Modern Lovers – Rock’n‘ Roll With The Modern Lovers
Wenn es je einen Anti-Star gegeben hat, dann ist Jonathan Richman einer. Sein akustischer Schabernack schafft mich immer wieder aufs neue. „Naivität oder Nonsens?“ hatte ich mich nach Anhören der ersten Modern-Lovers-Langrille gefragt (ME 9/77), „Durchblick oder Dreistigkeit?“ nach der zweiten, und jetzt rätsele ich schon wieder, ob die dritte nun ein Kalauer oder ein Kunstwerk ist. Die Ausgeflipptheit fängt schließlich schon beim Titel an. „Halt!“ muß man da nämlich allen gutgläubigen Lesern nachrufen, die oben was von Rock’n‘ Roll entziffert, unten die Sterne gezählt und sich schon auf den Weg zum nächsten Plattenladen gemacht haben. Halt, liebe Freunde, diese Scheibe hat mit R & R soviel zu tun wie Yes mit Punk-Rock. Nämlich nichts. Da gibt es ausschließlich akustische Instrumente: exzentrisches Gitarrengeklimper,rhythmisches Blechgeschepper, Jonathans Stimme, stets hart am Überkippen in die Schräge, unterlegt mit Kontrabaß und Backgroundchor. Letzterer brummt unablässig babschi-babschi-bab und bringt die spartanische Musik-Mixtur mit Händeklatschen und Fingerschnippen doch noch zum Swingen. Aber genau das ist es: die naiv-augenzwinkernden, exotischen Minikompositionen der Modern Lovers haben soviel rührseligen Charme, versprühen soviel lockere Launigkeit, daß mangelnde Perfektion und Kaschemmen-Akustik eher zum Markenzeichen als zum Makel werden.

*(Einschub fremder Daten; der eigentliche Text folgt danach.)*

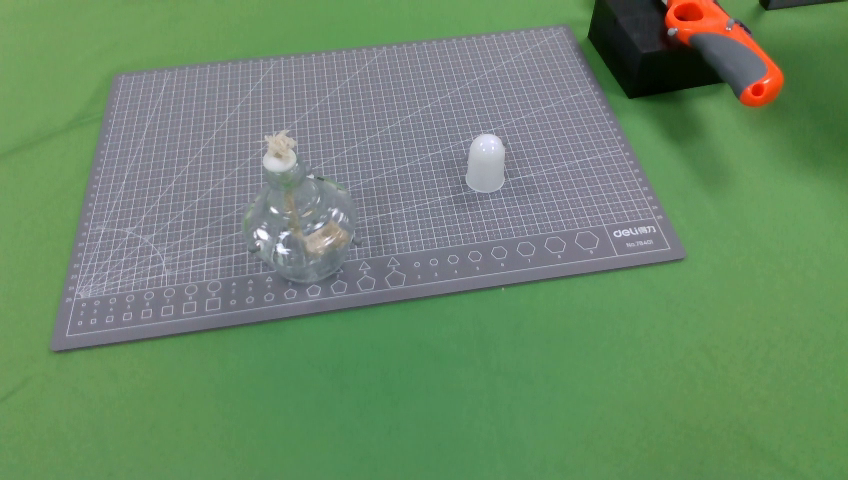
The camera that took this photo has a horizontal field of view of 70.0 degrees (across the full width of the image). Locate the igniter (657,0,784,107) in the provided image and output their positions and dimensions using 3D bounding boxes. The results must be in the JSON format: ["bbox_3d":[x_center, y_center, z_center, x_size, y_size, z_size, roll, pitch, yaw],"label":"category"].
[{"bbox_3d":[0.232,-0.208,0.538,0.057,0.025,0.273,-13,51,-5],"label":"igniter"}]

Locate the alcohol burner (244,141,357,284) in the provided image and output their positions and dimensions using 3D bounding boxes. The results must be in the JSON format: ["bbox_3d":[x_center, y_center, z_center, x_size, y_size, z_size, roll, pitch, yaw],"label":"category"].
[{"bbox_3d":[-0.086,-0.023,0.406,0.078,0.120,0.077,-1,55,2],"label":"alcohol burner"}]

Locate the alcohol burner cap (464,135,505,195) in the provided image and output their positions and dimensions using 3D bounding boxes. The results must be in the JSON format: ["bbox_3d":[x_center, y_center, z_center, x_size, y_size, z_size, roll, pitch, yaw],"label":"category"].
[{"bbox_3d":[0.049,-0.062,0.479,0.034,0.048,0.033,0,52,0],"label":"alcohol burner cap"}]
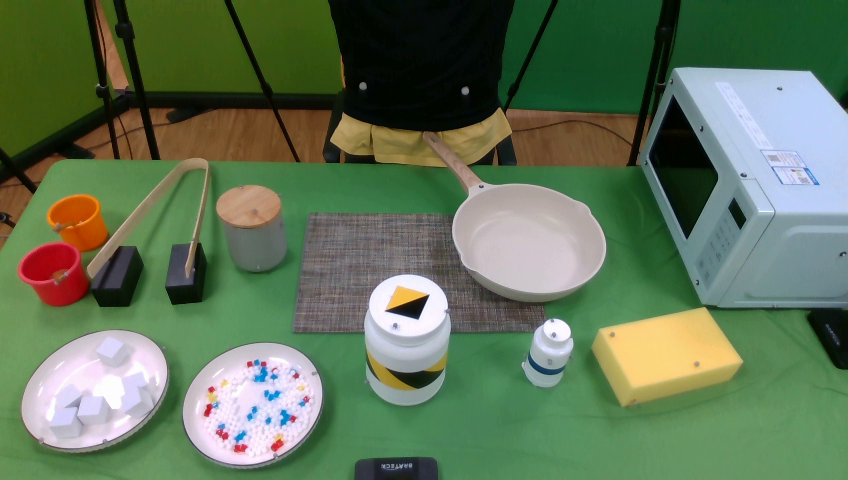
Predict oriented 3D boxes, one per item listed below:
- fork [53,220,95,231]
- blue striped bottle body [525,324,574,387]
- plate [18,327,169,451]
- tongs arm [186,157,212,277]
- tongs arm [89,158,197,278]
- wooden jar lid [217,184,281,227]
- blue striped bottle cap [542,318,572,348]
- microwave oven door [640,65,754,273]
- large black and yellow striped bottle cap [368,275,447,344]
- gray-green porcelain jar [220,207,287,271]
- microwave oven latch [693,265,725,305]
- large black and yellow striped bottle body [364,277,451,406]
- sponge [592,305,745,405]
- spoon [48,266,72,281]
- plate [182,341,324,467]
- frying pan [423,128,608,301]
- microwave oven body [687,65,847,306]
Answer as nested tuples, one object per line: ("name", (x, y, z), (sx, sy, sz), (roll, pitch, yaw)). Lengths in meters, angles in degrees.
("fork", (-0.627, -0.026, 1.086), (0.028, 0.018, 0.207), (0, 2, -15))
("blue striped bottle body", (0.202, 0.179, 0.970), (0.063, 0.121, 0.062), (2, 46, -2))
("plate", (-0.498, 0.229, 0.929), (0.208, 0.039, 0.206), (2, 47, -2))
("tongs arm", (-0.445, -0.058, 1.168), (0.051, 0.026, 0.382), (-5, 37, -6))
("tongs arm", (-0.530, -0.058, 1.164), (0.028, 0.028, 0.385), (1, 36, 8))
("wooden jar lid", (-0.307, -0.057, 1.067), (0.108, 0.021, 0.107), (5, 44, -4))
("blue striped bottle cap", (0.205, 0.143, 0.933), (0.044, 0.021, 0.044), (0, 47, 0))
("microwave oven door", (0.523, -0.147, 1.193), (0.039, 0.245, 0.353), (0, 47, -3))
("large black and yellow striped bottle cap", (-0.024, 0.098, 0.871), (0.115, 0.019, 0.114), (2, 45, -2))
("gray-green porcelain jar", (-0.309, -0.014, 1.113), (0.106, 0.127, 0.105), (2, 47, -1))
("microwave oven latch", (0.523, 0.082, 1.116), (0.030, 0.029, 0.078), (2, 46, -1))
("large black and yellow striped bottle body", (-0.026, 0.155, 0.933), (0.131, 0.185, 0.130), (2, 47, -2))
("sponge", (0.405, 0.190, 1.014), (0.207, 0.061, 0.117), (-10, 48, -13))
("spoon", (-0.609, 0.057, 1.010), (0.041, 0.022, 0.193), (-33, 14, -27))
("plate", (-0.257, 0.250, 0.927), (0.209, 0.038, 0.208), (3, 46, -2))
("frying pan", (0.142, -0.069, 1.208), (0.307, 0.103, 0.485), (-23, 60, -25))
("microwave oven body", (0.669, -0.111, 1.176), (0.326, 0.261, 0.439), (0, 46, -3))
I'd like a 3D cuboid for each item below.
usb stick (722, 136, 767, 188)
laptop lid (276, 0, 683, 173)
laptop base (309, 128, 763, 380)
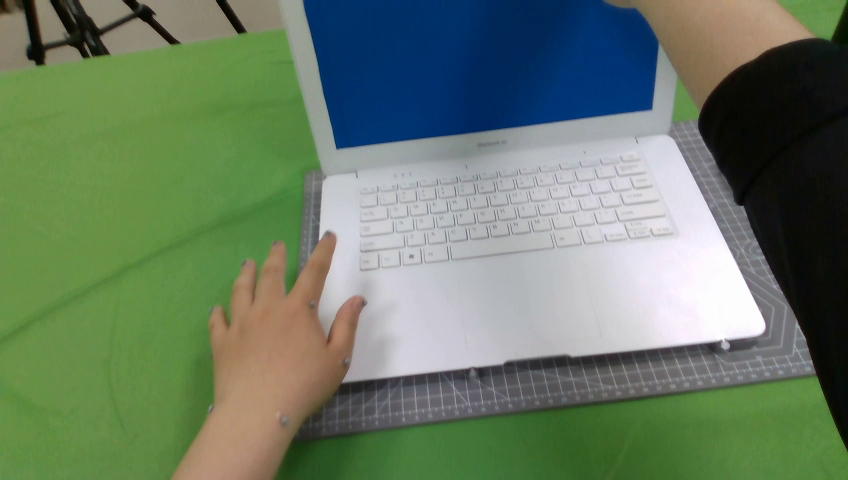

Und so swingt man denn mit Herrn Richman rund um den Globus: von den Gestaden Chinas („Kwai Ti Feng“) über die Südamerikas („South American Folk Song“) und der Karibik („Coomyah“) bis zum Fuß der Pyramiden, woselbst man – unglaublich aber wahr den ersten „Egyptian Reggae“ geboten bekommt. Der hat mit Ägypten und Jamaika nun wieder so wenig zu tun, daß die ob ihres kruden Humors bekannten Briten nicht anders konnten, als diese Singleauskopplung jüngst in die Top Twenty hineinzukaufen. Aber auch auf nicht-geographischem Sektor gibt’s allerlei überdrehten Unfug: rührend-naive Liebeserklärungen an den Eismann, den Sommermorgen und das neue Auto, ein herziges Kinderlied über die Räder vom städtischen Autobus und als abschließende Krönung des musikalischen Kuriositäten-Kabinetts einen verhohnepipelten Gospelsong („Angels Watching Over Me“) – da kommt’s so knüppeldick, daß man sich den Schmalz gleich löffelweise wieder aus den Ohren pulen muß… Wer Originalität über Perfektion stellt seine eingeschliffenen Hörgewohnheiten mit Wonne düpieren läßt (weil er das Schmunzeln noch nicht verlernt hat) er möge es getrost mit Herrn Richman versuchen. Es könnte Liebe auf den ersten Blick sein.